• _TASK STATEMENT_: Transcribe the entries that follow, every word as written, and drop the pictures.

• _INFORMATION PROVIDED_:
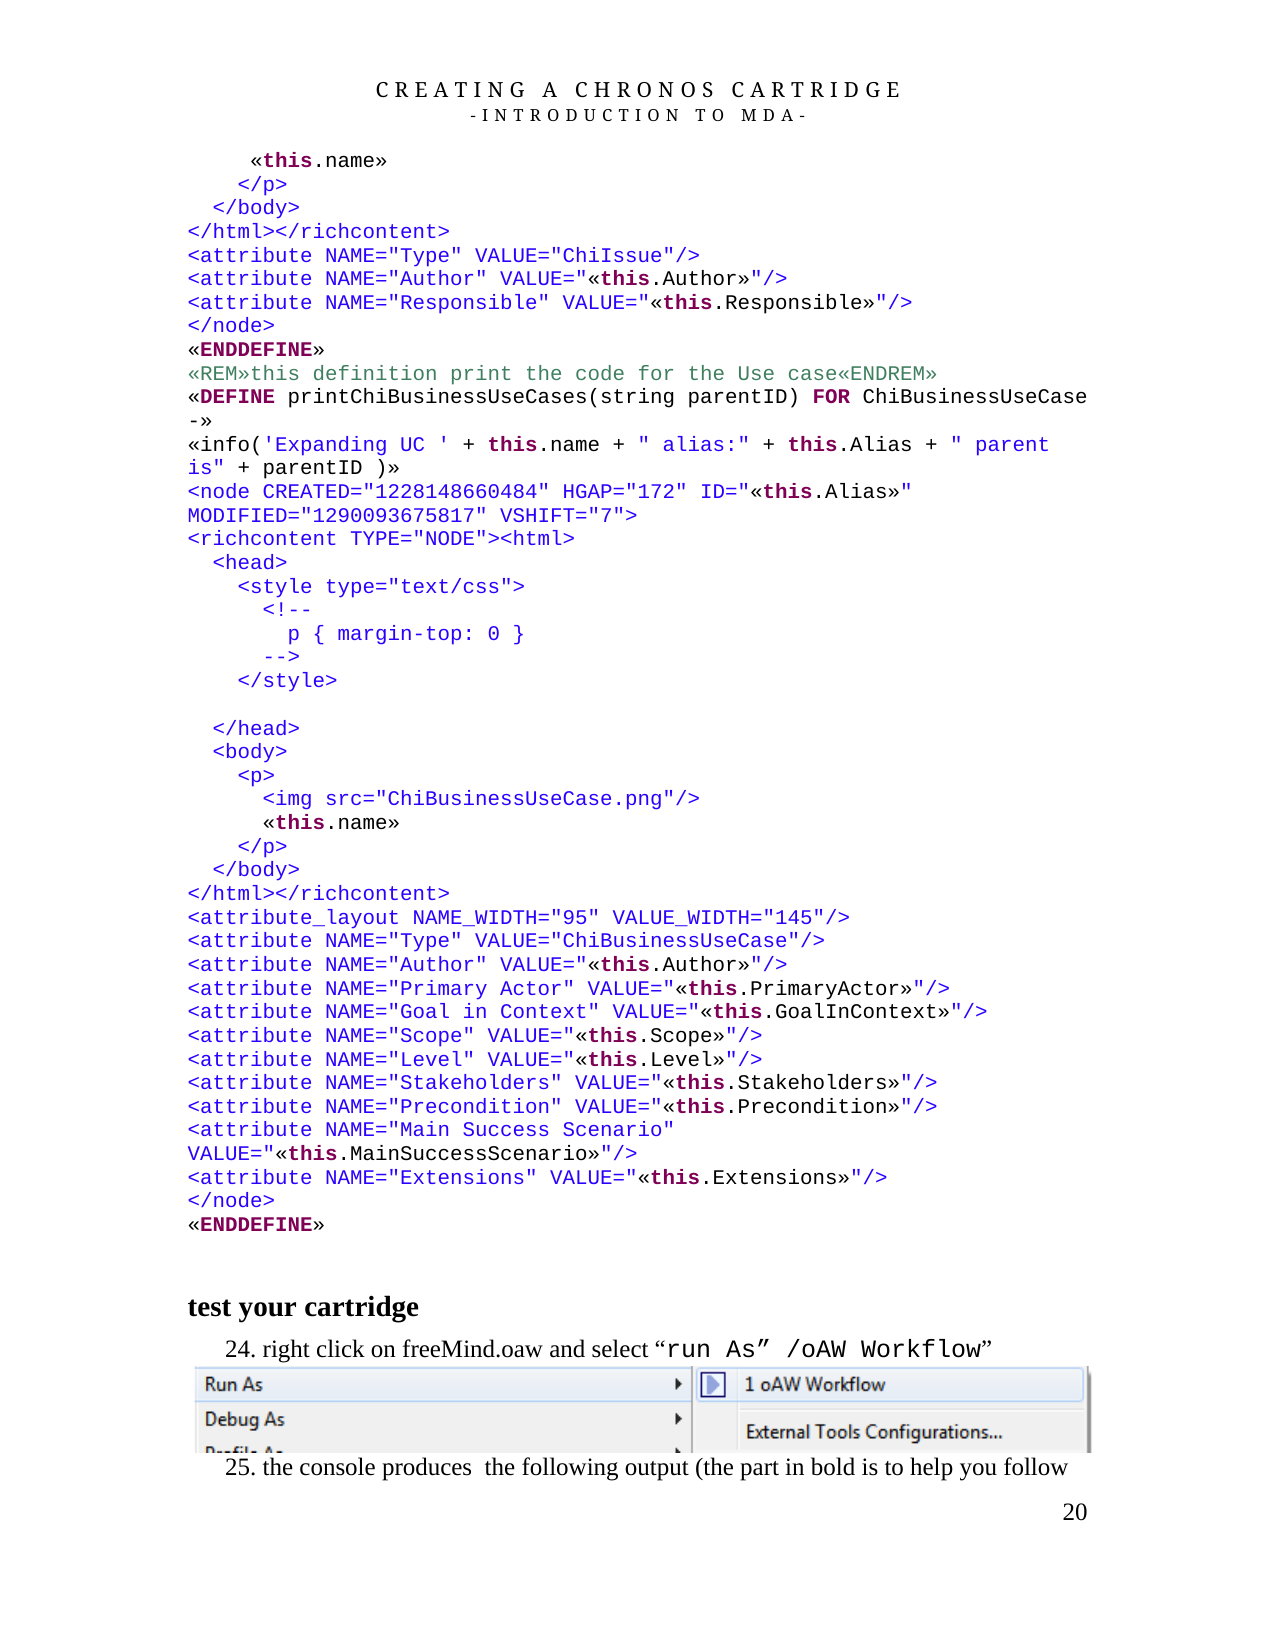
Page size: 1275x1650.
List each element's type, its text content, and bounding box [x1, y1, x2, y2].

text «DEFINE printChiBusinessUseCases(string parentID) FOR ChiBusinessUseCase -» [187, 386, 1087, 434]
text <body> [187, 741, 1087, 765]
text </style> [187, 670, 1087, 694]
text <attribute NAME="Author" VALUE="«this.Author»"/> [187, 954, 1087, 978]
text <attribute_layout NAME_WIDTH="95" VALUE_WIDTH="145"/> [187, 907, 1087, 930]
text «info('Expanding UC ' + this.name + " alias:" + this.Alias + " parent is" + parentID )» [187, 434, 1087, 481]
text <attribute NAME="Author" VALUE="«this.Author»"/> [187, 268, 1087, 292]
text </p> [187, 174, 1087, 197]
text --> [187, 647, 1087, 670]
text «this.name» [187, 812, 1087, 836]
text </p> [187, 836, 1087, 859]
text <attribute NAME="Scope" VALUE="«this.Scope»"/> [187, 1025, 1087, 1048]
text <node CREATED="1228148660484" HGAP="172" ID="«this.Alias»" MODIFIED="1290093675817" VSHIFT="7"> [187, 481, 1087, 528]
text «ENDDEFINE» [187, 339, 1087, 363]
text <attribute NAME="Main Success Scenario" VALUE="«this.MainSuccessScenario»"/> [187, 1119, 1087, 1167]
text </html></richcontent> [187, 883, 1087, 907]
text </html></richcontent> [187, 221, 1087, 244]
text <attribute NAME="Responsible" VALUE="«this.Responsible»"/> [187, 292, 1087, 316]
text <attribute NAME="Extensions" VALUE="«this.Extensions»"/> [187, 1167, 1087, 1190]
text </body> [187, 197, 1087, 221]
text <richcontent TYPE="NODE"><html> [187, 528, 1087, 552]
text <p> [187, 765, 1087, 788]
text p { margin-top: 0 } [187, 623, 1087, 647]
text <head> [187, 552, 1087, 576]
text <attribute NAME="Level" VALUE="«this.Level»"/> [187, 1048, 1087, 1072]
text <attribute NAME="Primary Actor" VALUE="«this.PrimaryActor»"/> [187, 978, 1087, 1001]
text «REM»this definition print the code for the Use case«ENDREM» [187, 363, 1087, 386]
text <attribute NAME="Type" VALUE="ChiIssue"/> [187, 244, 1087, 268]
text </node> [187, 316, 1087, 339]
text «ENDDEFINE» [187, 1214, 1087, 1265]
text </head> [187, 717, 1087, 741]
list right click on freeMind.oaw and select “run As” /oAW Workflow” [225, 1335, 1087, 1365]
text «this.name» [187, 150, 1087, 174]
text </node> [187, 1190, 1087, 1214]
text <attribute NAME="Goal in Context" VALUE="«this.GoalInContext»"/> [187, 1001, 1087, 1025]
subtitle test your cartridge [187, 1290, 1087, 1323]
picture [194, 1366, 1092, 1453]
list the console produces the following output (the part in bold is to help you follow [225, 1453, 1087, 1481]
text <attribute NAME="Type" VALUE="ChiBusinessUseCase"/> [187, 930, 1087, 954]
text </body> [187, 859, 1087, 883]
text <style type="text/css"> [187, 576, 1087, 599]
text <!-- [187, 599, 1087, 623]
text <attribute NAME="Precondition" VALUE="«this.Precondition»"/> [187, 1096, 1087, 1119]
text <img src="ChiBusinessUseCase.png"/> [187, 788, 1087, 812]
text <attribute NAME="Stakeholders" VALUE="«this.Stakeholders»"/> [187, 1072, 1087, 1096]
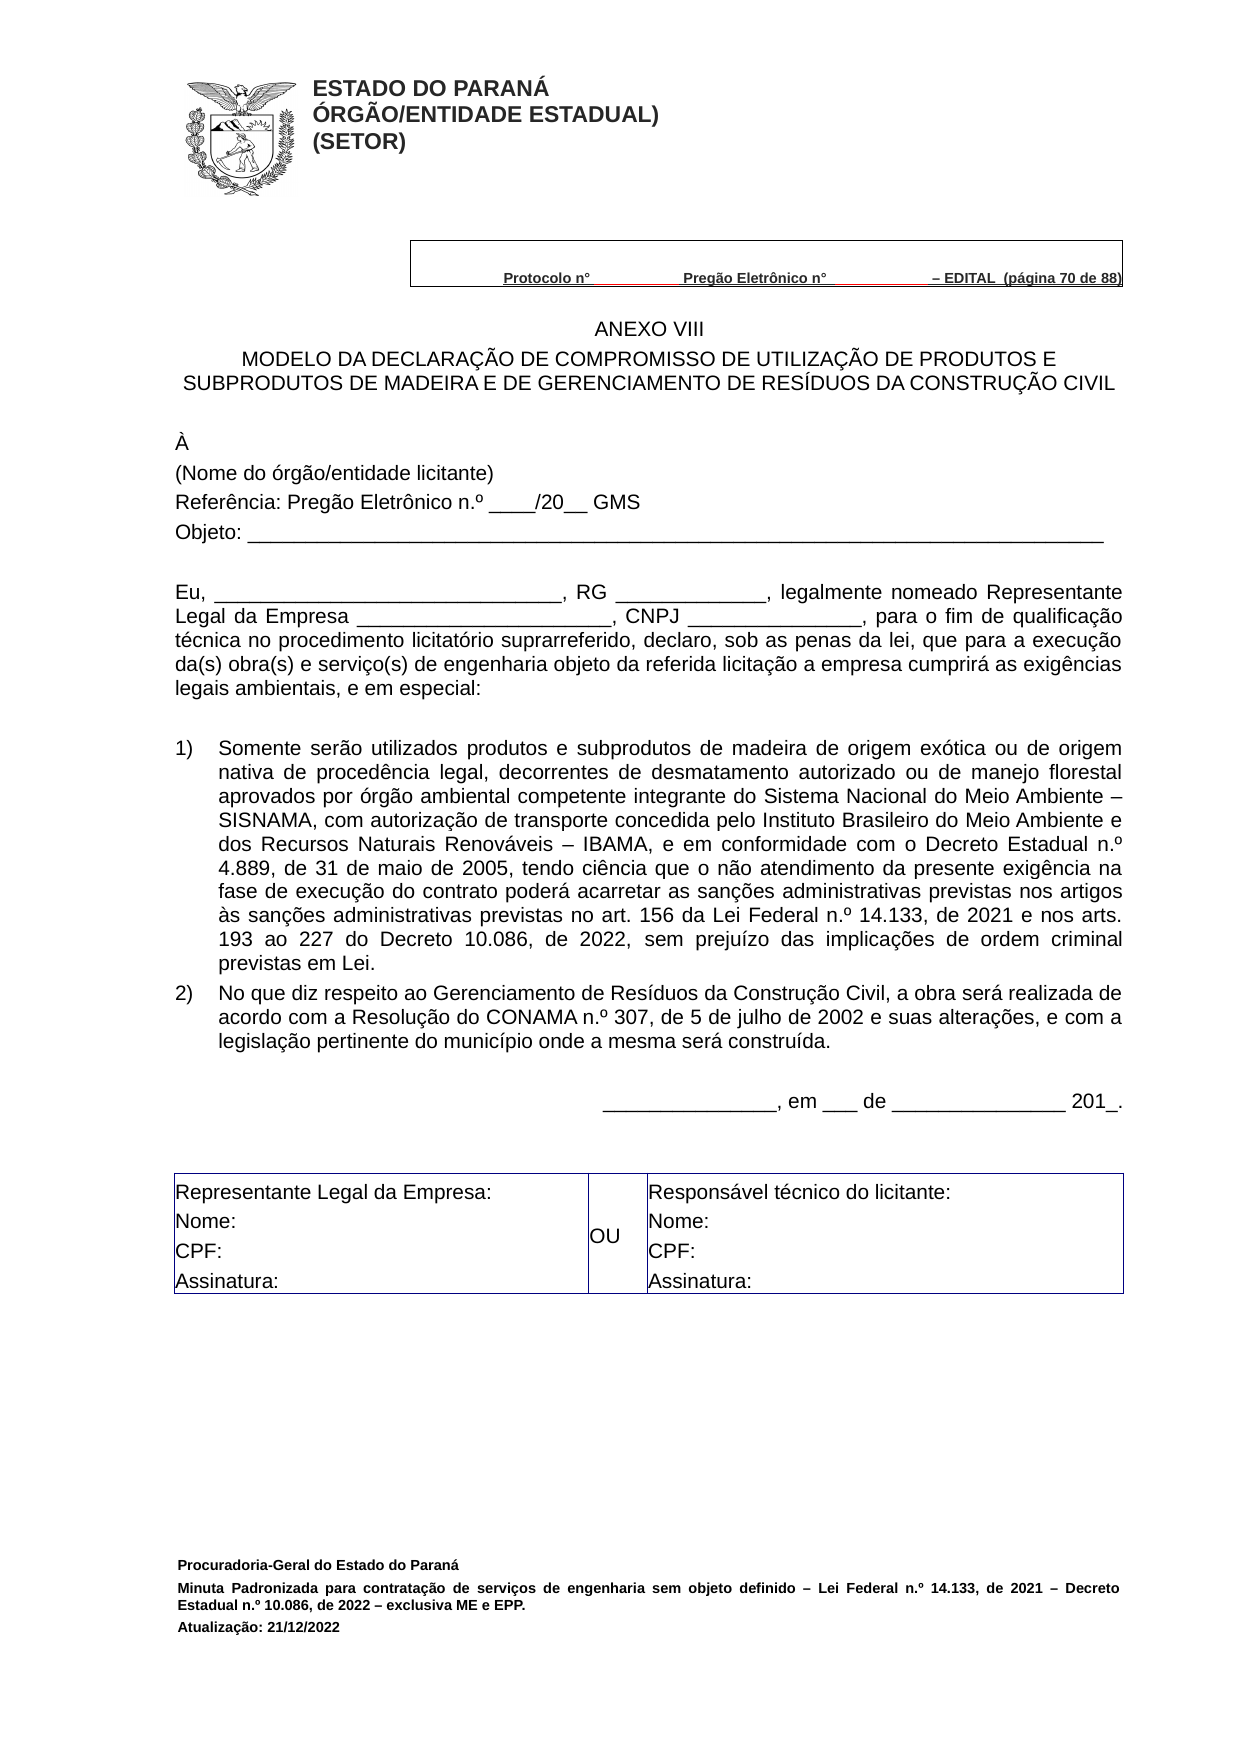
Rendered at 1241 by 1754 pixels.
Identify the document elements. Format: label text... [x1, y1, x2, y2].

table_cell À [175, 425, 1124, 454]
table_cell _______________, em ___ de _______________ 201_. [175, 1083, 1124, 1113]
table_cell Responsável técnico do licitante: Nome: CPF: Assinatura: [648, 1174, 1123, 1293]
table_cell [175, 1053, 1124, 1083]
table_cell [175, 395, 1124, 424]
table_cell [175, 700, 1124, 729]
table_cell Somente serão utilizados produtos e subprodutos de madeira de origem exótica ou de origem nativa de procedência legal, decorrentes de desmatamento autorizado ou de manejo florestal aprovados por órgão ambiental competente integrante do Sistema Nacional do Meio Ambiente – SISNAMA, com autorização de transporte concedida pelo Instituto Brasileiro do Meio Ambiente e dos Recursos Naturais Renováveis – IBAMA, e em conformidade com o Decreto Estadual n.º 4.889, de 31 de maio de 2005, tendo ciência que o não atendimento da presente exigência na fase de execução do contrato poderá acarretar as sanções administrativas previstas nos artigos às sanções administrativas previstas no art. 156 da Lei Federal n.º 14.133, de 2021 e nos arts. 193 ao 227 do Decreto 10.086, de 2022, sem prejuízo das implicações de ordem criminal previstas em Lei. [218, 730, 1124, 975]
table_cell Referência: Pregão Eletrônico n.º ____/20__ GMS [175, 484, 1124, 514]
table_cell Representante Legal da Empresa: Nome: CPF: Assinatura: [175, 1174, 588, 1293]
table_cell [175, 544, 1124, 574]
table_cell (Nome do órgão/entidade licitante) [175, 454, 1124, 484]
table_cell Objeto: __________________________________________________________________________ [175, 514, 1124, 544]
table_cell Eu, ______________________________, RG _____________, legalmente nomeado Representante Legal da Empresa ______________________, CNPJ _______________, para o fim de qualificação técnica no procedimento licitatório suprarreferido, declaro, sob as penas da lei, que para a execução da(s) obra(s) e serviço(s) de engenharia objeto da referida licitação a empresa cumprirá as exigências legais ambientais, e em especial: [175, 574, 1124, 700]
table_cell 2) [175, 975, 218, 1053]
table_cell No que diz respeito ao Gerenciamento de Resíduos da Construção Civil, a obra será realizada de acordo com a Resolução do CONAMA n.º 307, de 5 de julho de 2002 e suas alterações, e com a legislação pertinente do município onde a mesma será construída. [218, 975, 1124, 1053]
table_header ANEXO VIII [175, 311, 1124, 341]
table_cell MODELO DA DECLARAÇÃO DE COMPROMISSO DE UTILIZAÇÃO DE PRODUTOS E SUBPRODUTOS DE MADEIRA E DE GERENCIAMENTO DE RESÍDUOS DA CONSTRUÇÃO CIVIL [175, 341, 1124, 394]
table_cell OU [589, 1174, 647, 1293]
picture [184, 82, 299, 197]
table_cell [175, 1113, 1124, 1172]
table_cell 1) [175, 730, 218, 975]

• _TASK SOLUTION_:
Page size: 1275x1650.
List each element's type, its text content, and bounding box [x1, y1, x2, y2].

text «DEFINE printChiBusinessUseCases(string parentID) FOR ChiBusinessUseCase -» [187, 386, 1087, 434]
text <body> [187, 741, 1087, 765]
text </style> [187, 670, 1087, 694]
text <attribute NAME="Author" VALUE="«this.Author»"/> [187, 954, 1087, 978]
text <attribute_layout NAME_WIDTH="95" VALUE_WIDTH="145"/> [187, 907, 1087, 930]
text «info('Expanding UC ' + this.name + " alias:" + this.Alias + " parent is" + parentID )» [187, 434, 1087, 481]
text <attribute NAME="Author" VALUE="«this.Author»"/> [187, 268, 1087, 292]
text </p> [187, 174, 1087, 197]
text --> [187, 647, 1087, 670]
text «this.name» [187, 812, 1087, 836]
text </p> [187, 836, 1087, 859]
text <attribute NAME="Scope" VALUE="«this.Scope»"/> [187, 1025, 1087, 1048]
text <node CREATED="1228148660484" HGAP="172" ID="«this.Alias»" MODIFIED="1290093675817" VSHIFT="7"> [187, 481, 1087, 528]
text «ENDDEFINE» [187, 339, 1087, 363]
text <attribute NAME="Main Success Scenario" VALUE="«this.MainSuccessScenario»"/> [187, 1119, 1087, 1167]
text </html></richcontent> [187, 883, 1087, 907]
text </html></richcontent> [187, 221, 1087, 244]
text <attribute NAME="Responsible" VALUE="«this.Responsible»"/> [187, 292, 1087, 316]
text <attribute NAME="Extensions" VALUE="«this.Extensions»"/> [187, 1167, 1087, 1190]
text </body> [187, 197, 1087, 221]
text <richcontent TYPE="NODE"><html> [187, 528, 1087, 552]
text <p> [187, 765, 1087, 788]
text p { margin-top: 0 } [187, 623, 1087, 647]
text <head> [187, 552, 1087, 576]
text <attribute NAME="Level" VALUE="«this.Level»"/> [187, 1048, 1087, 1072]
text <attribute NAME="Primary Actor" VALUE="«this.PrimaryActor»"/> [187, 978, 1087, 1001]
text «REM»this definition print the code for the Use case«ENDREM» [187, 363, 1087, 386]
text <attribute NAME="Type" VALUE="ChiIssue"/> [187, 244, 1087, 268]
text </node> [187, 316, 1087, 339]
text «ENDDEFINE» [187, 1214, 1087, 1265]
text </head> [187, 717, 1087, 741]
list right click on freeMind.oaw and select “run As” /oAW Workflow” [225, 1335, 1087, 1365]
text «this.name» [187, 150, 1087, 174]
text </node> [187, 1190, 1087, 1214]
text <attribute NAME="Goal in Context" VALUE="«this.GoalInContext»"/> [187, 1001, 1087, 1025]
subtitle test your cartridge [187, 1290, 1087, 1323]
picture [194, 1366, 1092, 1453]
list the console produces the following output (the part in bold is to help you follow [225, 1453, 1087, 1481]
text <attribute NAME="Type" VALUE="ChiBusinessUseCase"/> [187, 930, 1087, 954]
text </body> [187, 859, 1087, 883]
text <style type="text/css"> [187, 576, 1087, 599]
text <!-- [187, 599, 1087, 623]
text <attribute NAME="Precondition" VALUE="«this.Precondition»"/> [187, 1096, 1087, 1119]
text <img src="ChiBusinessUseCase.png"/> [187, 788, 1087, 812]
text <attribute NAME="Stakeholders" VALUE="«this.Stakeholders»"/> [187, 1072, 1087, 1096]
Rendered at 1241 by 1754 pixels.
Identify the document elements. Format: label text... [x1, y1, x2, y2].

table_cell À [175, 425, 1124, 454]
table_cell _______________, em ___ de _______________ 201_. [175, 1083, 1124, 1113]
table_cell Responsável técnico do licitante: Nome: CPF: Assinatura: [648, 1174, 1123, 1293]
table_cell [175, 1053, 1124, 1083]
table_cell [175, 395, 1124, 424]
table_cell [175, 700, 1124, 729]
table_cell Somente serão utilizados produtos e subprodutos de madeira de origem exótica ou de origem nativa de procedência legal, decorrentes de desmatamento autorizado ou de manejo florestal aprovados por órgão ambiental competente integrante do Sistema Nacional do Meio Ambiente – SISNAMA, com autorização de transporte concedida pelo Instituto Brasileiro do Meio Ambiente e dos Recursos Naturais Renováveis – IBAMA, e em conformidade com o Decreto Estadual n.º 4.889, de 31 de maio de 2005, tendo ciência que o não atendimento da presente exigência na fase de execução do contrato poderá acarretar as sanções administrativas previstas nos artigos às sanções administrativas previstas no art. 156 da Lei Federal n.º 14.133, de 2021 e nos arts. 193 ao 227 do Decreto 10.086, de 2022, sem prejuízo das implicações de ordem criminal previstas em Lei. [218, 730, 1124, 975]
table_cell Referência: Pregão Eletrônico n.º ____/20__ GMS [175, 484, 1124, 514]
table_cell Representante Legal da Empresa: Nome: CPF: Assinatura: [175, 1174, 588, 1293]
table_cell [175, 544, 1124, 574]
table_cell (Nome do órgão/entidade licitante) [175, 454, 1124, 484]
table_cell Objeto: __________________________________________________________________________ [175, 514, 1124, 544]
table_cell Eu, ______________________________, RG _____________, legalmente nomeado Representante Legal da Empresa ______________________, CNPJ _______________, para o fim de qualificação técnica no procedimento licitatório suprarreferido, declaro, sob as penas da lei, que para a execução da(s) obra(s) e serviço(s) de engenharia objeto da referida licitação a empresa cumprirá as exigências legais ambientais, e em especial: [175, 574, 1124, 700]
table_cell 2) [175, 975, 218, 1053]
table_cell No que diz respeito ao Gerenciamento de Resíduos da Construção Civil, a obra será realizada de acordo com a Resolução do CONAMA n.º 307, de 5 de julho de 2002 e suas alterações, e com a legislação pertinente do município onde a mesma será construída. [218, 975, 1124, 1053]
table_header ANEXO VIII [175, 311, 1124, 341]
table_cell MODELO DA DECLARAÇÃO DE COMPROMISSO DE UTILIZAÇÃO DE PRODUTOS E SUBPRODUTOS DE MADEIRA E DE GERENCIAMENTO DE RESÍDUOS DA CONSTRUÇÃO CIVIL [175, 341, 1124, 394]
table_cell OU [589, 1174, 647, 1293]
picture [184, 82, 299, 197]
table_cell [175, 1113, 1124, 1172]
table_cell 1) [175, 730, 218, 975]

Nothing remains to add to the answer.